Despite the feeling of being a solidary country, Brazil only appears in 54th place. Being below the 50th position shows us how much we have to evolve when it comes to “giving yourself”. Although the number is not encouraging, it points to a significant advance and says a lot about our behavior, especially during the pandemic, in which solidarity had a boom here.
To get an idea of growth, in the same report, between 2009 and 2019, Brazil did not pass 74th place. Therefore, even though we have to improve, let’s also look at the “glass half full”, the country had a significant growth of 20 positions, which may have had the pandemic and the way Brazilians see charity as the main motivator.
Roberta Faria, president of Instituto MOL — Non-Governmental Organization (NGO) to promote the culture of donation — has a speech with which I strongly agree: “Our donation culture is centered on charity and is guided by emergency, when there is a flood, collapse, among others. It is not a private investment in a cause, on a recurring basis, month after month.”
In this sense, it is clear that the outbreak of coronavirus activated the sense of urgency in Brazilians, who were more open to donate to a cause. The population’s engagement in social causes, which involved food donations to EPIs, was visible and very positive. But not only that, the sense of urgency has brought to light the need for large companies to also take a stand and get involved in social causes.
Society, especially young people, understands this movement as essential.
According to a survey carried out by Lynx, 82% of citizens aged between 14 and 29 think that companies should help with social causes. In addition, 72% are interested in knowing how support happens in practice and 64% trust companies that care about transforming the world positively.
Along with this data, according to Edelman Earned Brand, 22% of Brazilians agree to pay up to 25% more for a product or service from companies that defend a social cause they identify with and 53% become so loyal to the brand that they do not they would only recommend it as well as defend it against competitors, if necessary.
As much as there are difficulties along this path, the movement has been positive and collaborative with society as a whole. In particular, I have been following a path in which I encourage solidarity, connecting people and companies. I often say that financial resources are often not needed: time, expertise, wisdom, networking, connections are donated.
The concept of give back it matches that thought very well. The practice that, literally translated, means “give back”, presents retribution as an intrinsic part of “being grateful”. Those who once received so much can return to the universe the good that someone has done to them. As stated, this is not about money, nor about doing something for the same person who helped you. It works like an exchange of good energy, where you can give your best to someone. It’s that maxim: “kindness begets kindness”, you know? A virtuous circle in which everyone can only win.
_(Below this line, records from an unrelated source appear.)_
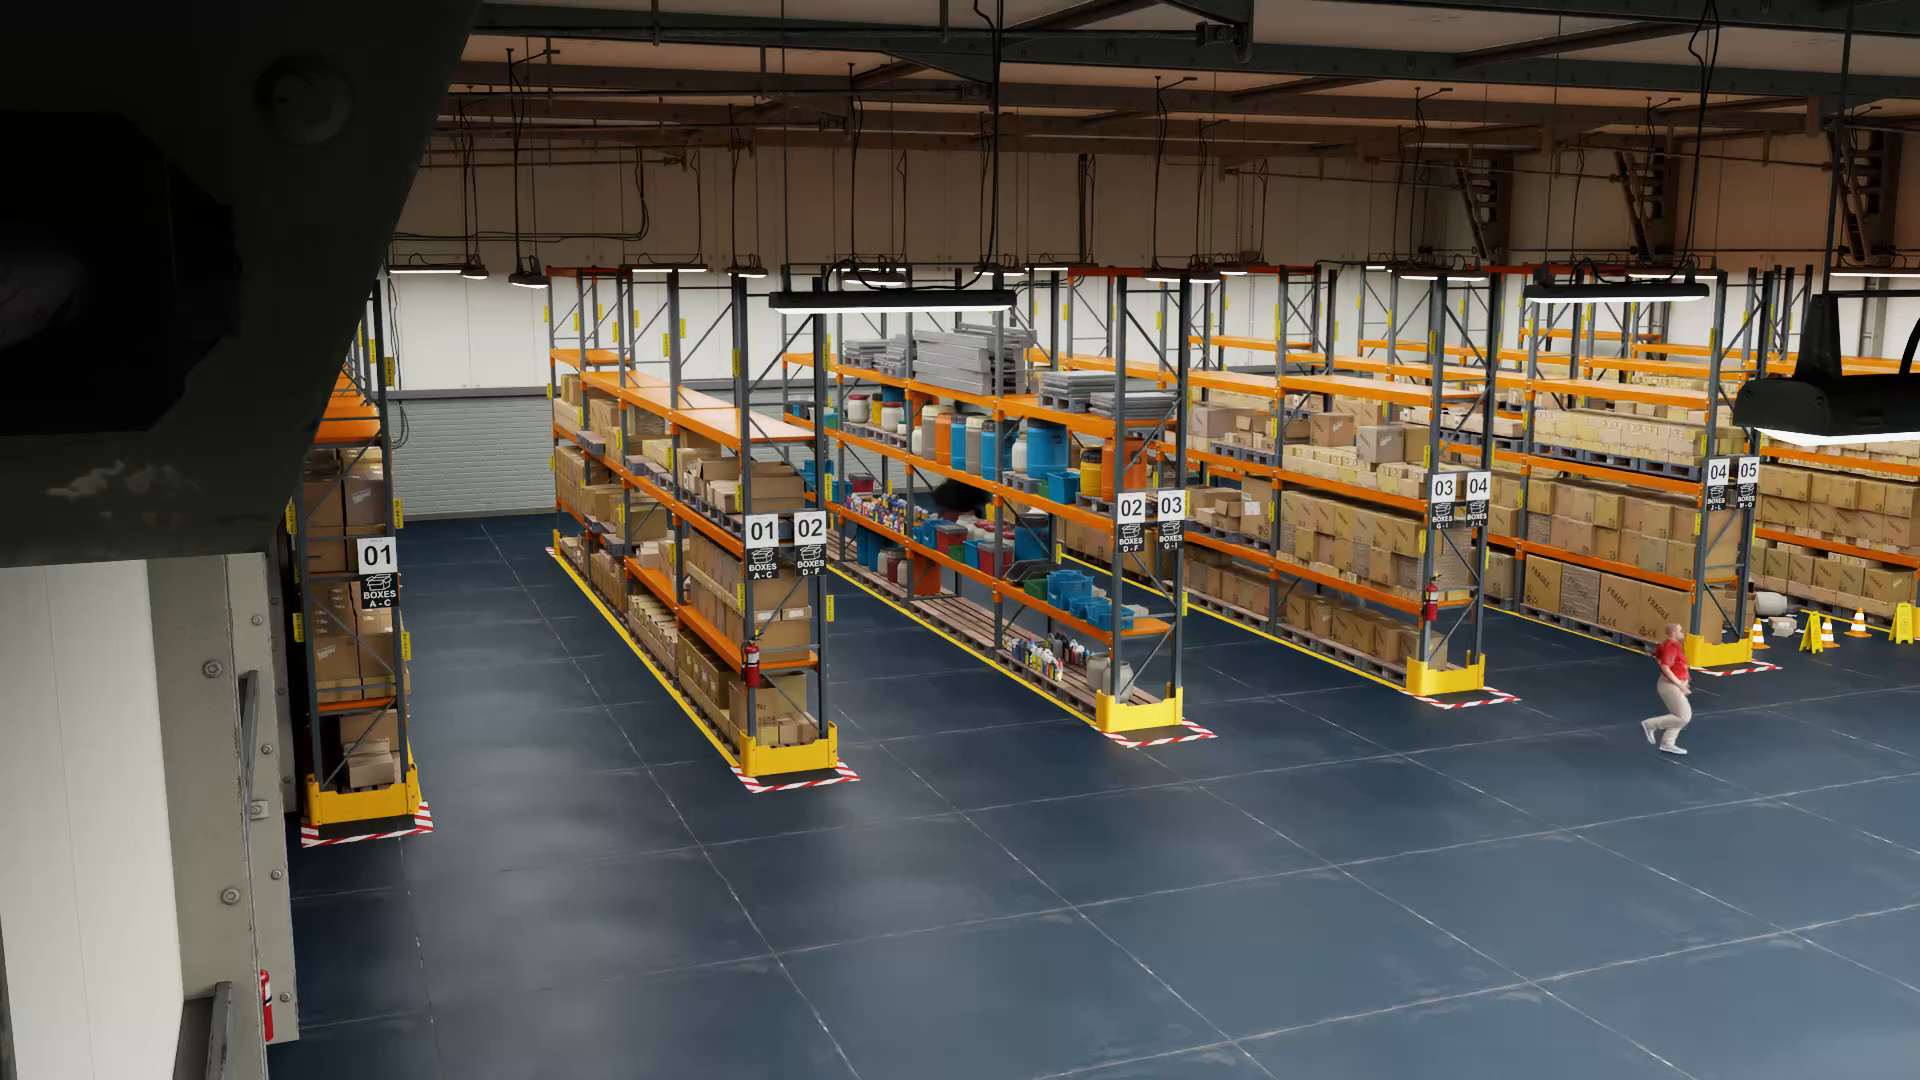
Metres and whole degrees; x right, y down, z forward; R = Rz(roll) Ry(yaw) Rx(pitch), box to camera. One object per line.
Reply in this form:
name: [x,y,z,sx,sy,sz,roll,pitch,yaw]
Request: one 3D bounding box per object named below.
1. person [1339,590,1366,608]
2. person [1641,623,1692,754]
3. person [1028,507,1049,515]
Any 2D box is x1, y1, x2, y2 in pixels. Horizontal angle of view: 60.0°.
person: [7.092,0.379,29.739,0.558,1.672,0.896,-6,11,-30]
person: [8.982,1.879,21.107,0.611,1.689,0.669,2,10,13]
person: [1.501,-0.040,30.556,0.609,1.639,0.507,-5,11,-28]
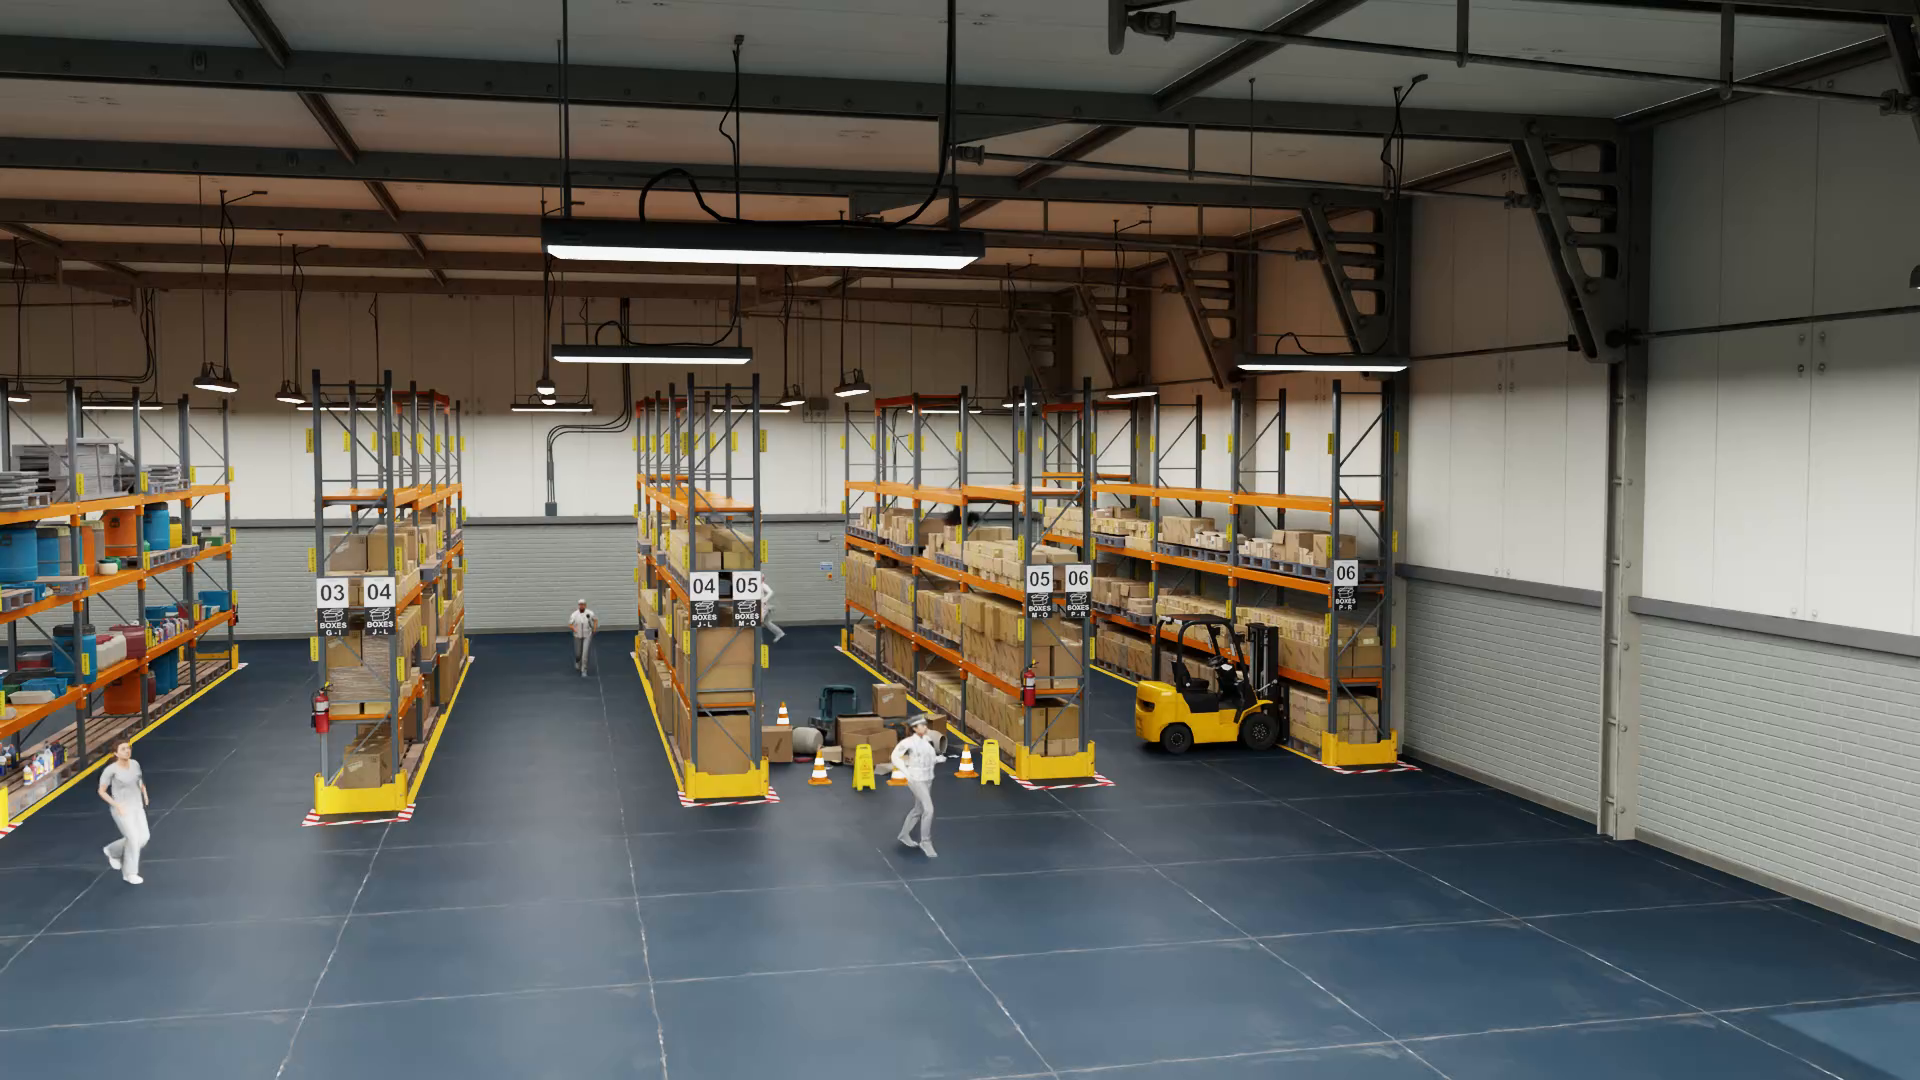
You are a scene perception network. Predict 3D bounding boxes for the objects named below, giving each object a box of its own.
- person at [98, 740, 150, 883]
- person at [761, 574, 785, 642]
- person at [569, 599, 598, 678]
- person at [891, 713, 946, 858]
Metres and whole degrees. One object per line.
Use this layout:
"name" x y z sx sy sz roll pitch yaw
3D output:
"person" -9.593 3.093 19.048 0.580 1.642 0.564 1 4 24
"person" -4.838 1.737 41.156 1.049 1.810 0.724 -1 3 -10
"person" -8.159 2.112 36.049 0.615 1.670 0.838 -1 3 -9
"person" -0.491 2.983 20.307 0.709 1.753 0.593 2 4 32
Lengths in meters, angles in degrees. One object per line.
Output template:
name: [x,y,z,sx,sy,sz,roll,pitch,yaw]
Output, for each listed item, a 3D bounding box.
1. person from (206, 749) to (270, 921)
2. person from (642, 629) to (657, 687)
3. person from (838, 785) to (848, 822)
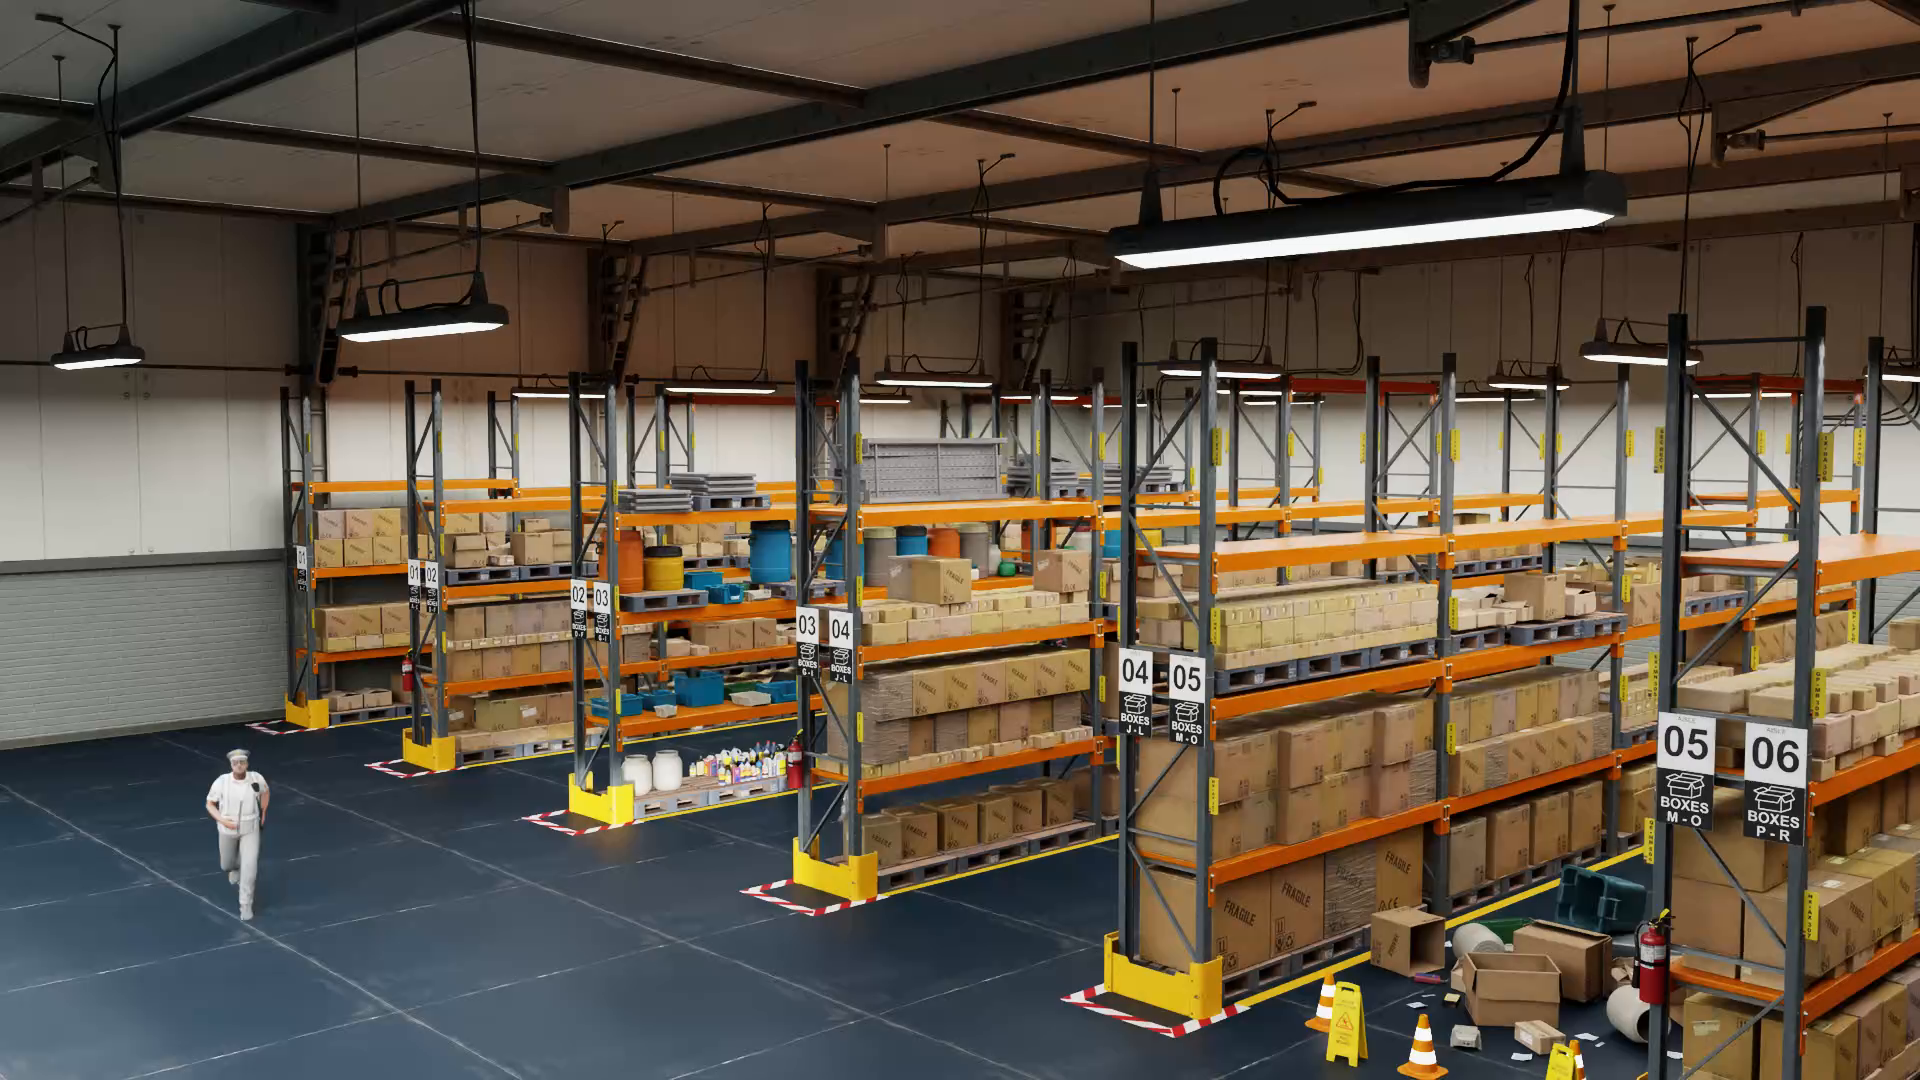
person: [-7.849,3.149,18.094,0.633,1.792,1.110,-1,4,-20]
person: [-5.695,2.392,30.592,0.514,1.656,0.630,-3,5,-41]
person: [-1.417,2.882,22.428,0.674,1.750,0.767,2,4,24]
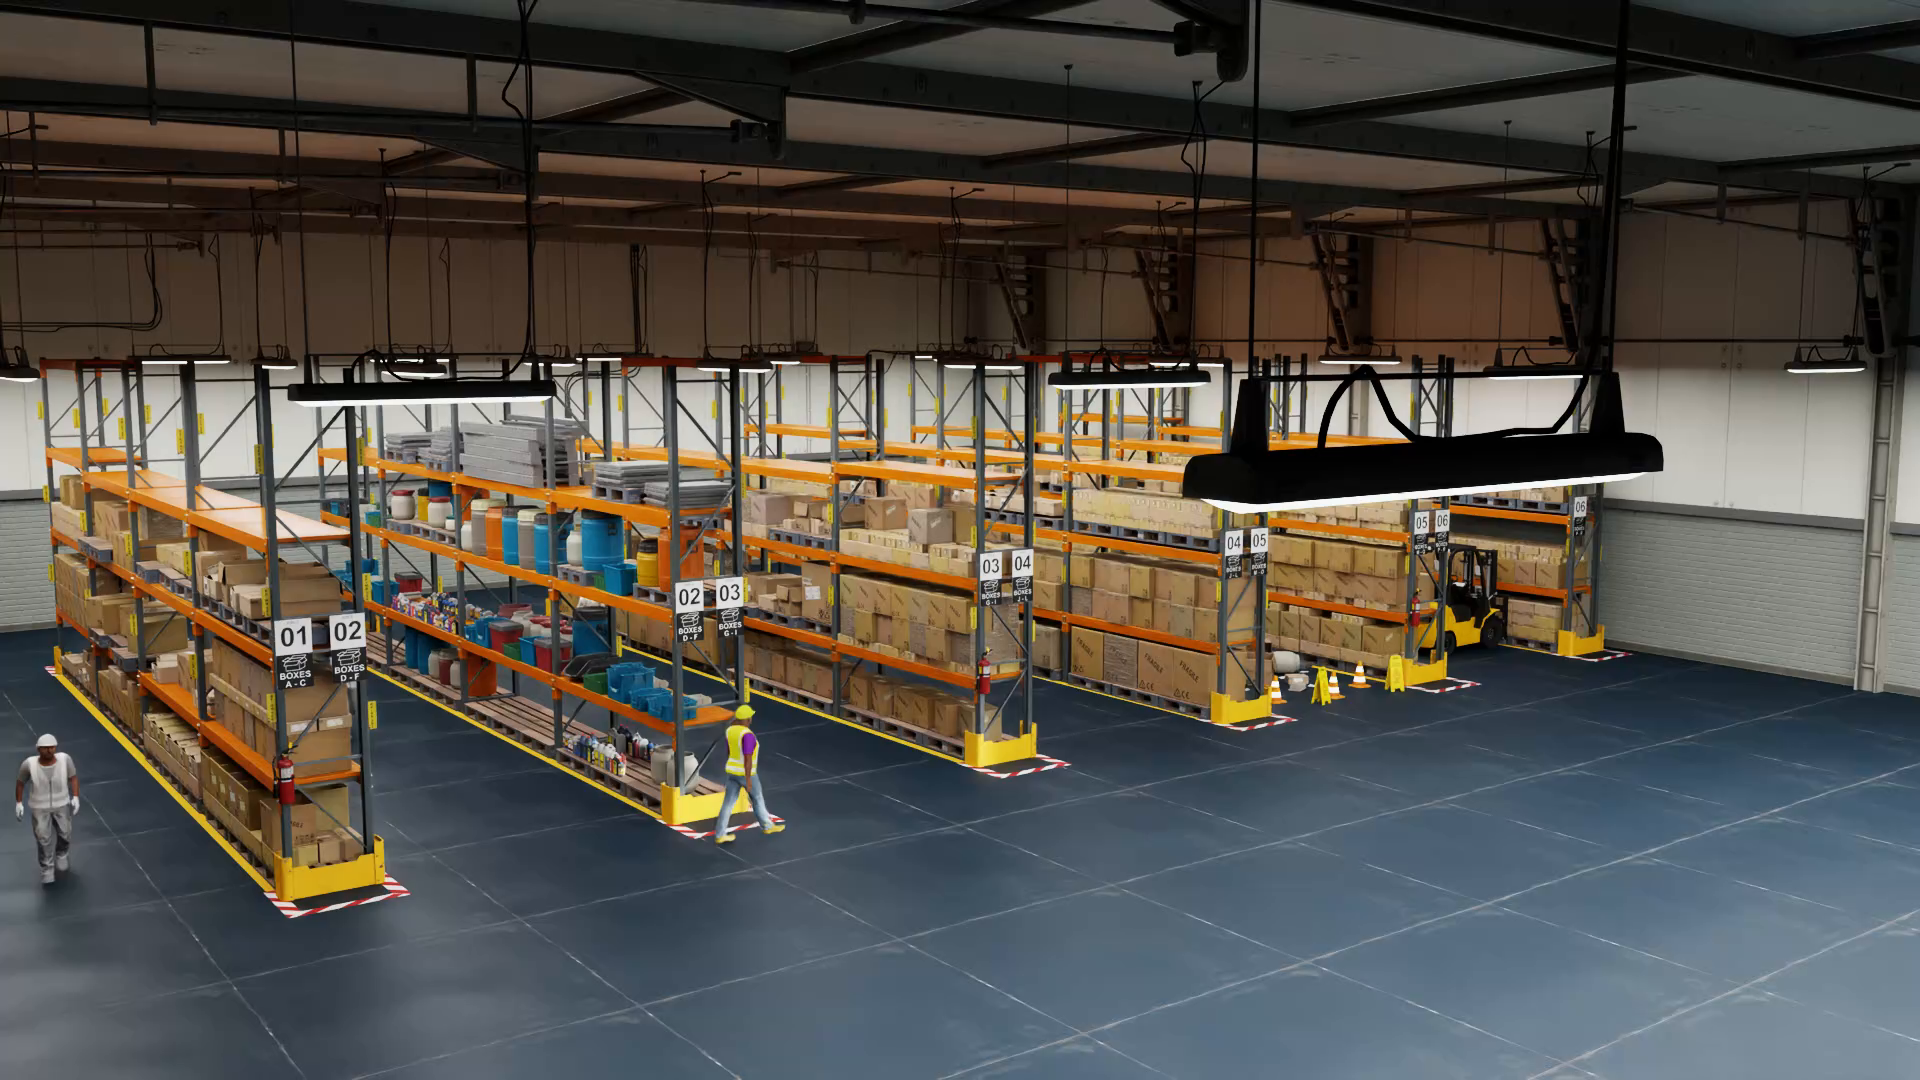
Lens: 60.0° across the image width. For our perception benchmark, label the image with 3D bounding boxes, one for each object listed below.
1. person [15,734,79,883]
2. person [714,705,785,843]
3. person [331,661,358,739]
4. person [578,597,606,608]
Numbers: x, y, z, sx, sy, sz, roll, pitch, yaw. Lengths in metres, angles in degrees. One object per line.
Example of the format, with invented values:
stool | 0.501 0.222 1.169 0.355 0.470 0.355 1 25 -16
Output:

Give back is the essential pillar of the Vamos Subir project, a social startup that helps young newcomers to the job market to grow faster in their careers, and counts on the participation of companies such as iFood, Loggi, Oracle, Schneider Electric, Zendesk, among others. And the fundamental support of some executives such as Rodrigo Galvão from Oracle, Tânia Cosentino from Microsoft, João Branco and Paulo Camargo from McDonald’s and Paula Bellizia formerly of Microsoft and Google, who accept to interact and engage without charging fees or any other benefit. They effectively believe in give back and want to inspire, impact and help guide and transform young people.
The numbers are worrying, according to the Brazilian Institute of Geography and Statistics (IBGE) the unemployment rate among young people aged 18 to 24 is over 30%. Therefore, among the main initiatives led by the project are four programs to develop social-emotional, technical, connections and employability skills. The project also includes programs such as Executive Talk, connecting our young people to the main c-levels in Brazil. Trails, which teach subjects such as purpose discovery, career choice, networking, job interviews and more. Top skills, where the top 10 socio-emotional skills are taught. And finally, the program called Careers, in which careers in Marketing, Sales, Customer Success, People Management and Technology can be learned. In the last edition, there were more than 25 thousand participants, free of charge and socially.
Everything was thought out, because despite bumping into valuable inspirations for life, it lacked the same identification in the corporate world. It is often difficult to find an inspiring mentor, especially given the eyes of a young person.
Considering my journey and the special look at education, I realized how important it was to develop soft skills, which usually end up being left out of regular and technical learning. This is the project’s differential. Let’s go up, who look fondly at developing necessary traits for the journey, offering valuable connections and lots of inspiration.
How many other young people today don’t need the same support I needed back then, right? I would not miss the opportunity to contribute to this. It’s my mission, my give back!
Flavio Generoso Valiati, CEO of Vamos Subir and leader of the Education segment at Zoom in Brazil.